М-ль де Перси рассказывала так, словно вновь переживала пережитое. Аббат и барон затаили дыхание.

– О, этот миг! – выдохнула она. – Страшный миг, когда ты должен разбить стекло, зная, что погибнешь, если звякнет хоть один осколок! Часовой в синей накидке, с ружьем наперевес лениво расхаживал вдоль ворот, как причетник по церкви во время вечерни. Последний неверный луч луны, которая через час должна была стать похожа на котел с холодной кашей и тем самым сослужить нам последнюю службу, падал прямо в лицо караульному, мешая ему разглядеть наши подвижные тени в неподвижной тени домов.

«Караульного беру на себя», – прошептал Жюст Лебретон господину Жаку, прыгнул вперед, сгреб в охапку накидку, ружье, солдата и скрылся со своей ношей под воротами тюрьмы, очистив нам проход. Не знаю уж, как такое удалось этому дьяволу Жюсту, только часовой даже не пикнул.

«Он снял его, – пояснил господин Жак. – Ну, господа, наш черед. Пошли!»

И мы, прижимаясь друг к другу, как зерна четок, втянулись под ворота, расчищенные для нас Жюстом, а затем проникли в первый двор тюрьмы.

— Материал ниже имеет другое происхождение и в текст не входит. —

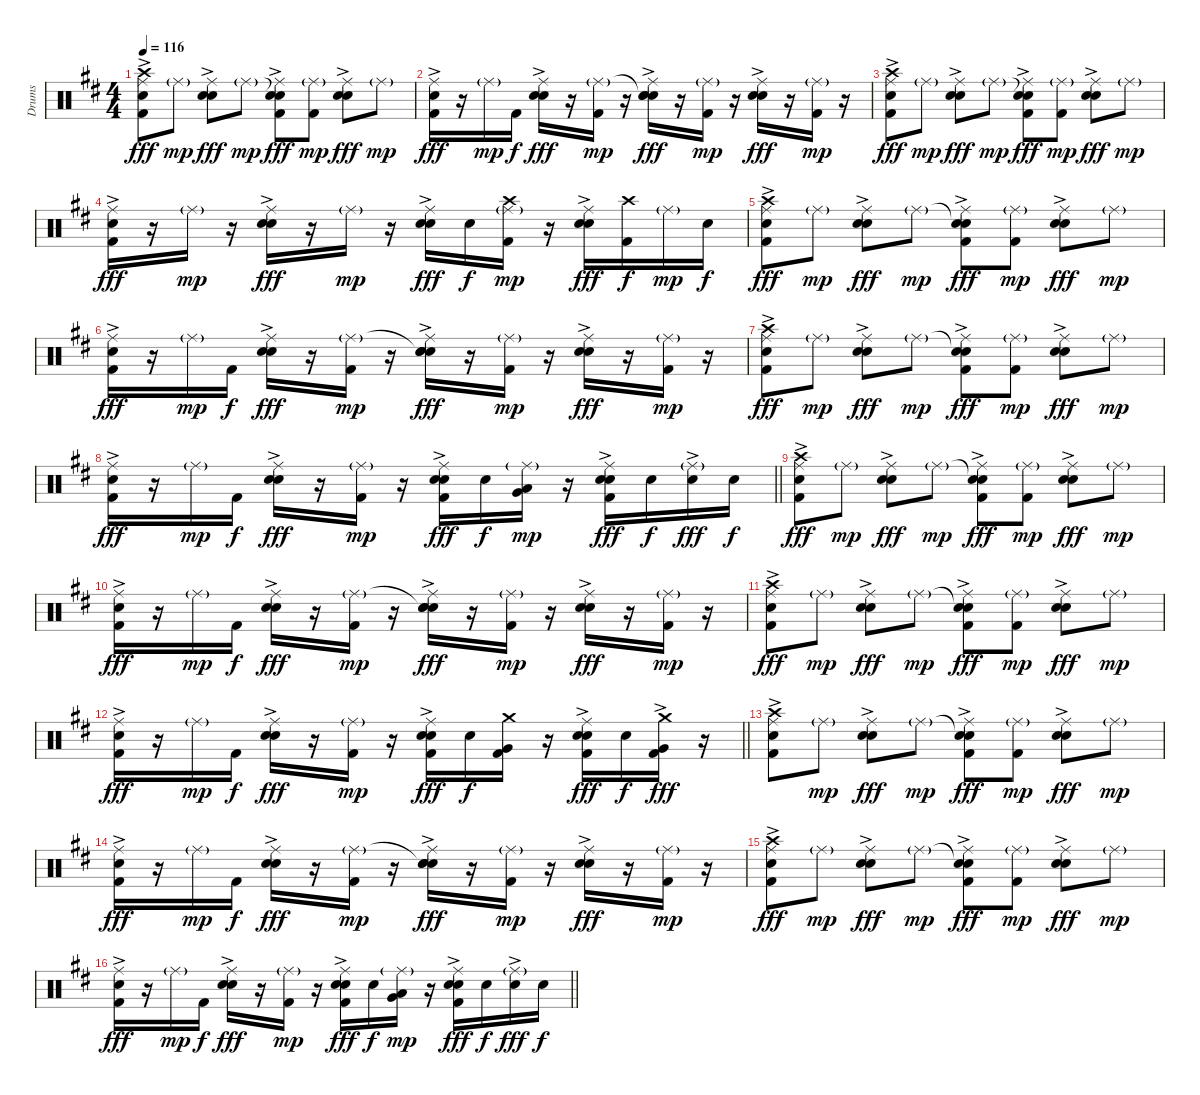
\track ("Drums" "Drums") {instrument percussion}
\staff {score}
\articulation defaults
\ts (4 4)
\tempo 116
\clef neutral
\ks d
("Crash high (hit)" "Ride (middle)" "Hand Clap (hit)"{ac} "Kick (hit) 2").8{dy fff} "Ride (middle)"{g}.8{dy mp} ("Ride (middle)" "Hand Clap (hit)"{ac} "Snare (hit) 2").8{dy fff} "Ride (middle)"{g}.8{dy mp} ("Snare (hit)"{t} "Ride (middle)" "Hand Clap (hit)"{ac} "Kick (hit) 2").8{dy fff} ("Ride (middle)"{g} "Kick (hit) 2").8{dy mp} ("Ride (middle)" "Hand Clap (hit)"{ac} "Snare (hit) 2").8{dy fff} "Ride (middle)"{g}.8{dy mp} |
("Ride (middle)" "Hand Clap (hit)"{ac} "Kick (hit) 2").16{dy fff} r.16 "Ride (middle)"{g}.16{dy mp} "Kick (hit) 2".16{dy f} ("Ride (middle)" "Hand Clap (hit)"{ac} "Snare (hit) 2").16{dy fff} r.16 ("Ride (middle)"{g} "Kick (hit) 2").16{dy mp} r.16 ("Snare (hit)"{t} "Ride (middle)" "Hand Clap (hit)"{ac} "Snare (hit) 2").16{dy fff} r.16 ("Ride (middle)"{g} "Kick (hit) 2").16{dy mp} r.16 ("Ride (middle)" "Hand Clap (hit)"{ac} "Snare (hit) 2").16{dy fff} r.16 ("Ride (middle)"{g} "Kick (hit) 2").16{dy mp} r.16 |
("Crash high (hit)" "Ride (middle)" "Hand Clap (hit)"{ac} "Kick (hit) 2").8{dy fff} "Ride (middle)"{g}.8{dy mp} ("Ride (middle)" "Hand Clap (hit)"{ac} "Snare (hit) 2").8{dy fff} "Ride (middle)"{g}.8{dy mp} ("Snare (hit)"{t} "Ride (middle)" "Hand Clap (hit)"{ac} "Kick (hit) 2").8{dy fff} ("Ride (middle)"{g} "Kick (hit) 2").8{dy mp} ("Ride (middle)" "Hand Clap (hit)"{ac} "Snare (hit) 2").8{dy fff} "Ride (middle)"{g}.8{dy mp} |
("Ride (middle)" "Hand Clap (hit)"{ac} "Kick (hit) 2").16{dy fff} r.16 "Ride (middle)"{g}.16{dy mp} r.16 ("Ride (middle)" "Hand Clap (hit)"{ac} "Snare (hit) 2").16{dy fff} r.16 "Ride (middle)"{g}.16{dy mp} r.16 ("Ride (middle)" "Hand Clap (hit)"{ac} "Snare (hit) 2").16{dy fff} "Snare (hit) 2".16{dy f} ("Crash high (hit)" "Ride (middle)"{g} "Kick (hit) 2").16{dy mp} r.16 ("Ride (middle)" "Hand Clap (hit)"{ac} "Snare (hit) 2").16{dy fff} ("Crash high (hit)" "Kick (hit) 2").16{dy f} "Ride (middle)"{g}.16{dy mp} "Snare (hit) 2".16{dy f} |
("Crash high (hit)" "Ride (middle)" "Hand Clap (hit)"{ac} "Kick (hit) 2").8{dy fff} "Ride (middle)"{g}.8{dy mp} ("Ride (middle)" "Hand Clap (hit)"{ac} "Snare (hit) 2").8{dy fff} "Ride (middle)"{g}.8{dy mp} ("Snare (hit)"{t} "Ride (middle)" "Hand Clap (hit)"{ac} "Kick (hit) 2").8{dy fff} ("Ride (middle)"{g} "Kick (hit) 2").8{dy mp} ("Ride (middle)" "Hand Clap (hit)"{ac} "Snare (hit) 2").8{dy fff} "Ride (middle)"{g}.8{dy mp} |
("Ride (middle)" "Hand Clap (hit)"{ac} "Kick (hit) 2").16{dy fff} r.16 "Ride (middle)"{g}.16{dy mp} "Kick (hit) 2".16{dy f} ("Ride (middle)" "Hand Clap (hit)"{ac} "Snare (hit) 2").16{dy fff} r.16 ("Ride (middle)"{g} "Kick (hit) 2").16{dy mp} r.16 ("Snare (hit)"{t} "Ride (middle)" "Hand Clap (hit)"{ac} "Snare (hit) 2").16{dy fff} r.16 ("Ride (middle)"{g} "Kick (hit) 2").16{dy mp} r.16 ("Ride (middle)" "Hand Clap (hit)"{ac} "Snare (hit) 2").16{dy fff} r.16 ("Ride (middle)"{g} "Kick (hit) 2").16{dy mp} r.16 |
("Crash high (hit)" "Ride (middle)" "Hand Clap (hit)"{ac} "Kick (hit) 2").8{dy fff} "Ride (middle)"{g}.8{dy mp} ("Ride (middle)" "Hand Clap (hit)"{ac} "Snare (hit) 2").8{dy fff} "Ride (middle)"{g}.8{dy mp} ("Snare (hit)"{t} "Ride (middle)" "Hand Clap (hit)"{ac} "Kick (hit) 2").8{dy fff} ("Ride (middle)"{g} "Kick (hit) 2").8{dy mp} ("Ride (middle)" "Hand Clap (hit)"{ac} "Snare (hit) 2").8{dy fff} "Ride (middle)"{g}.8{dy mp} |
\barLineRight lightlight
("Ride (middle)" "Hand Clap (hit)"{ac} "Kick (hit) 2").16{dy fff} r.16 "Ride (middle)"{g}.16{dy mp} "Kick (hit) 2".16{dy f} ("Ride (middle)" "Hand Clap (hit)"{ac} "Snare (hit) 2").16{dy fff} r.16 ("Ride (middle)"{g} "Kick (hit) 2").16{dy mp} r.16 ("Ride (middle)" "Hand Clap (hit)"{ac} "Snare (hit) 2" "Kick (hit) 2").16{dy fff} "Snare (hit) 2".16{dy f} ("Ride (middle)"{g} "Low Tom (hit)" "Very Low Tom (hit)").16{dy mp} r.16 ("Ride (middle)" "Hand Clap (hit)"{ac} "Snare (hit) 2"{ac} "Kick (hit) 2").16{dy fff} "Snare (hit) 2".16{dy f} ("Ride (middle)"{g} "Snare (hit) 2"{ac}).16{dy fff} "Snare (hit) 2".16{dy f} |
("Crash high (hit)" "Ride (middle)" "Hand Clap (hit)"{ac} "Kick (hit) 2").8{dy fff} "Ride (middle)"{g}.8{dy mp} ("Ride (middle)" "Hand Clap (hit)"{ac} "Snare (hit) 2").8{dy fff} "Ride (middle)"{g}.8{dy mp} ("Snare (hit)"{t} "Ride (middle)" "Hand Clap (hit)"{ac} "Kick (hit) 2").8{dy fff} ("Ride (middle)"{g} "Kick (hit) 2").8{dy mp} ("Ride (middle)" "Hand Clap (hit)"{ac} "Snare (hit) 2").8{dy fff} "Ride (middle)"{g}.8{dy mp} |
("Ride (middle)" "Hand Clap (hit)"{ac} "Kick (hit) 2").16{dy fff} r.16 "Ride (middle)"{g}.16{dy mp} "Kick (hit) 2".16{dy f} ("Ride (middle)" "Hand Clap (hit)"{ac} "Snare (hit) 2").16{dy fff} r.16 ("Ride (middle)"{g} "Kick (hit) 2").16{dy mp} r.16 ("Snare (hit)"{t} "Ride (middle)" "Hand Clap (hit)"{ac} "Snare (hit) 2").16{dy fff} r.16 ("Ride (middle)"{g} "Kick (hit) 2").16{dy mp} r.16 ("Ride (middle)" "Hand Clap (hit)"{ac} "Snare (hit) 2").16{dy fff} r.16 ("Ride (middle)"{g} "Kick (hit) 2").16{dy mp} r.16 |
("Crash high (hit)" "Ride (middle)" "Hand Clap (hit)"{ac} "Kick (hit) 2").8{dy fff} "Ride (middle)"{g}.8{dy mp} ("Ride (middle)" "Hand Clap (hit)"{ac} "Snare (hit) 2").8{dy fff} "Ride (middle)"{g}.8{dy mp} ("Snare (hit)"{t} "Ride (middle)" "Hand Clap (hit)"{ac} "Kick (hit) 2").8{dy fff} ("Ride (middle)"{g} "Kick (hit) 2").8{dy mp} ("Ride (middle)" "Hand Clap (hit)"{ac} "Snare (hit) 2").8{dy fff} "Ride (middle)"{g}.8{dy mp} |
\barLineRight lightlight
("Ride (middle)" "Hand Clap (hit)"{ac} "Kick (hit) 2").16{dy fff} r.16 "Ride (middle)"{g}.16{dy mp} "Kick (hit) 2".16{dy f} ("Ride (middle)" "Hand Clap (hit)"{ac} "Snare (hit) 2").16{dy fff} r.16 ("Ride (middle)"{g} "Kick (hit) 2").16{dy mp} r.16 ("Ride (middle)" "Hand Clap (hit)"{ac} "Snare (hit) 2" "Kick (hit) 2").16{dy fff} "Snare (hit) 2".16{dy f} ("Crash medium (hit)" "Very Low Tom (hit)" "Kick (hit) 2").16 r.16 ("Ride (middle)" "Hand Clap (hit)"{ac} "Snare (hit) 2"{ac} "Kick (hit) 2").16{dy fff} "Snare (hit) 2".16{dy f} ("Crash medium (hit)" "Very Low Tom (hit)"{ac} "Kick (hit) 2").16{dy fff} r.16 |
("Crash high (hit)" "Ride (middle)" "Hand Clap (hit)"{ac} "Kick (hit) 2").8 "Ride (middle)"{g}.8{dy mp} ("Ride (middle)" "Hand Clap (hit)"{ac} "Snare (hit) 2").8{dy fff} "Ride (middle)"{g}.8{dy mp} ("Snare (hit)"{t} "Ride (middle)" "Hand Clap (hit)"{ac} "Kick (hit) 2").8{dy fff} ("Ride (middle)"{g} "Kick (hit) 2").8{dy mp} ("Ride (middle)" "Hand Clap (hit)"{ac} "Snare (hit) 2").8{dy fff} "Ride (middle)"{g}.8{dy mp} |
("Ride (middle)" "Hand Clap (hit)"{ac} "Kick (hit) 2").16{dy fff} r.16 "Ride (middle)"{g}.16{dy mp} "Kick (hit) 2".16{dy f} ("Ride (middle)" "Hand Clap (hit)"{ac} "Snare (hit) 2").16{dy fff} r.16 ("Ride (middle)"{g} "Kick (hit) 2").16{dy mp} r.16 ("Snare (hit)"{t} "Ride (middle)" "Hand Clap (hit)"{ac} "Snare (hit) 2").16{dy fff} r.16 ("Ride (middle)"{g} "Kick (hit) 2").16{dy mp} r.16 ("Ride (middle)" "Hand Clap (hit)"{ac} "Snare (hit) 2").16{dy fff} r.16 ("Ride (middle)"{g} "Kick (hit) 2").16{dy mp} r.16 |
("Crash high (hit)" "Ride (middle)" "Hand Clap (hit)"{ac} "Kick (hit) 2").8{dy fff} "Ride (middle)"{g}.8{dy mp} ("Ride (middle)" "Hand Clap (hit)"{ac} "Snare (hit) 2").8{dy fff} "Ride (middle)"{g}.8{dy mp} ("Snare (hit)"{t} "Ride (middle)" "Hand Clap (hit)"{ac} "Kick (hit) 2").8{dy fff} ("Ride (middle)"{g} "Kick (hit) 2").8{dy mp} ("Ride (middle)" "Hand Clap (hit)"{ac} "Snare (hit) 2").8{dy fff} "Ride (middle)"{g}.8{dy mp} |
\barLineRight lightlight
("Ride (middle)" "Hand Clap (hit)"{ac} "Kick (hit) 2").16{dy fff} r.16 "Ride (middle)"{g}.16{dy mp} "Kick (hit) 2".16{dy f} ("Ride (middle)" "Hand Clap (hit)"{ac} "Snare (hit) 2").16{dy fff} r.16 ("Ride (middle)"{g} "Kick (hit) 2").16{dy mp} r.16 ("Ride (middle)" "Hand Clap (hit)"{ac} "Snare (hit) 2" "Kick (hit) 2").16{dy fff} "Snare (hit) 2".16{dy f} ("Ride (middle)"{g} "Low Tom (hit)" "Very Low Tom (hit)").16{dy mp} r.16 ("Ride (middle)" "Hand Clap (hit)"{ac} "Snare (hit) 2"{ac} "Kick (hit) 2").16{dy fff} "Snare (hit) 2".16{dy f} ("Ride (middle)"{g} "Snare (hit) 2"{ac}).16{dy fff} "Snare (hit) 2".16{dy f}

Двор представлял собой идеально правильный круг, и внутренняя его ограда напоминала монастырскую: низенькие аркады, приземистые столбы. Там не было ни души. Куда исчез Жюст? Мы окинули взглядом черные аркады и ничего не обнаружили между белыми столбами, под которые Лебретон, видимо, уволок заколотого часового. Ну да ладно, он нас найдет, подумали мы, бегом пересекли второй двор, столь же безлюдный, что первый, и одним духом достигли тюрьмы в глубине третьего. О, двигались мы быстро! Нам упиралось в спину копье необходимости! Мы увидели огонек, плясавший в зданьице, пристроенном к тюрьме спереди и напоминавшем собой то, что на языке фортификации называется кордегардией. Тюремщик еще не ложился. Он оказался не из того теста, что энергическая Хоксон в Авранше с ее отчаявшейся и неумолимой душой: он был всего лишь скотиной в красном колпаке и в перерывах между своими надзирательскими обязанностями чинил горожанам обувь. На тот день пришлась декада,[376]376
  Последний, выходной день десятидневной недели по республиканскому календарю, просуществовавшему с 5 октября 1793-го по 1 января 1806 г.


[Закрыть]
завтра он должен был вернуть заказы клиентам и поэтому бодрствовал. Жена его и дочь, девочка лет тринадцати, спали в чем-то вроде чулана на антресоли, куда забирались по приставной лестнице. Мы разглядели все это через грязное окно, которое освещалось грязным чадным светом висевшей на стене лампы. Мы не стали предупреждать хозяина, вызывать его, стучаться к нему; движимые необходимостью действовать на манер ядра, как выразился господин Жак, мы взметнули наши карабины, разом грохнули в дверь одиннадцатью прикладами, сорвали ее с петель и молнией обрушились на хозяина; он рухнул наземь, был поднят на ноги, схвачен за шиворот двумя сильными руками и под ножом, приставленным к сердцу, услышал приказ отдать ключи и вести нас к Детушу. Вы же знаете, господин де Фьердра, о шуанах ходила – и подчас заслуженно – недобрая слава. Их всегда видели как бы в отвратительных отблесках огня, который они разводили под ногами у синих. Перепуганное общественное мнение перенесло на них один из атрибутов бесов – их называли поджаривателями. Мы воспользовались своей дурной репутацией для устрашения несчастного, попавшего нам в руки, и Кампион, с его лохматыми бровями и жуткой физиономией, пригрозил, что, если тюремщик вздумает сопротивляться, он будет поджарен, как кабанчик со скотного двора. Тюремщик не стал сопротивляться. Он совершенно раскис и побелел от неожиданности и страха, идиотского страха. Он отдал ключи и, подхваченный двумя нашими, отвел нас в одиночку Детуша. Жену его и дочь, полумертвых от испуга, оставили в чулане, но, чтобы они не спустились и не подняли тревогу, лестницу опрокинули. Ужас сковал им язык. Они не закричали, но и подними они шум – мы не забеспокоились бы. Стены в тюрьме были толстые. Ее окружали три двора, и все три были пустынны. Криков никто бы не услышал.